『犬狼伝説<全>』

 

      

 

押井守・藤原カムイ著。角川書店刊。部数不明限定版。2000年9月30日発行。函・外函・帯完本。 

 確か1986年頃だったと思う。『うる星やつら』アニメ版で好評を博した押井守氏が「実写映画」を撮るというのだ。しかもその主人公は『うる星やつら』の主人公、「メガネ」だというのだ。わたしはまたなんと珍妙な企画を。と苦笑いした記憶がある。しかし完成した作品『紅い眼鏡』をみてわたしは愕然とした。これは単なるドタバタ劇ではなく、現在でも世評高い『うる星やつら2 ビューティフル・ドリーマー』に勝るとも劣らない作品だったからである。ここからいわゆる「ケルベロス・サーガ」が始まったのであった。『紅い眼鏡』のチラシは写真真ん中。

 それから1991年また『紅い眼鏡』の続編が持ち上がった。題名は『ケルベロス 地獄の番犬』。通常の続編とは異なりこのシリーズは時間を遡行してゆくのだ。つまり『紅い眼鏡』以前の歴史がこの『ケルベルス〜』では描かれたのである。

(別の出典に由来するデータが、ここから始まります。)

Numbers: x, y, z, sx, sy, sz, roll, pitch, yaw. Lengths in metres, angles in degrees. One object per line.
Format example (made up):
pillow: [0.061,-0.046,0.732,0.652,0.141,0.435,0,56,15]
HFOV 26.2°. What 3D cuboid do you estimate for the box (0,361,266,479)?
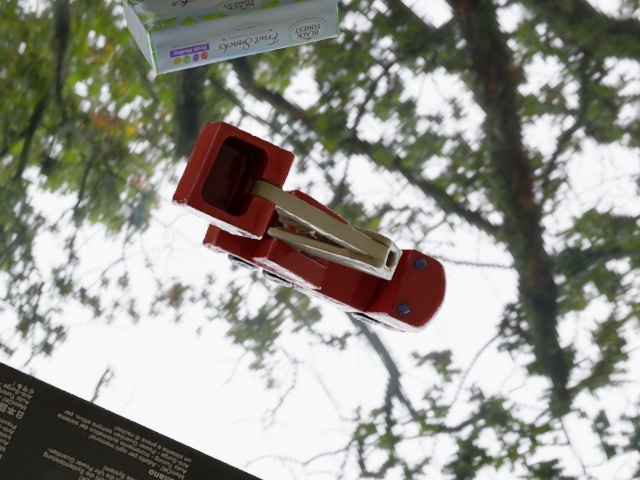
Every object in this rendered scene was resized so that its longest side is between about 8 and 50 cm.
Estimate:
box: [-0.121,0.162,0.692,0.395,0.318,0.097,25,-116,-5]

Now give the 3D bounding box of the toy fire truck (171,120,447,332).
toy fire truck: [0.000,0.000,0.752,0.192,0.135,0.047,25,-100,-21]

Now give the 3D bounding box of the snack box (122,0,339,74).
snack box: [-0.069,-0.170,1.026,0.141,0.037,0.100,-14,-147,-14]

『ケルベロス』のチラシは写真右。

 そして1999年藤原カムイ・押井守コンビによる漫画でまたこのシリーズの続編が発表された。題名は『犬狼伝説 完結篇』。写真左はその漫画の豪華限定版。

 このようにして『紅い眼鏡』シリーズは延々と続いている。最近では番外編ともいうべき『人狼』という映画も封切られた。さてこの「ケルベロス・サーガ」、いったいどんな本当の完結を見せるのか?今から楽しみだ。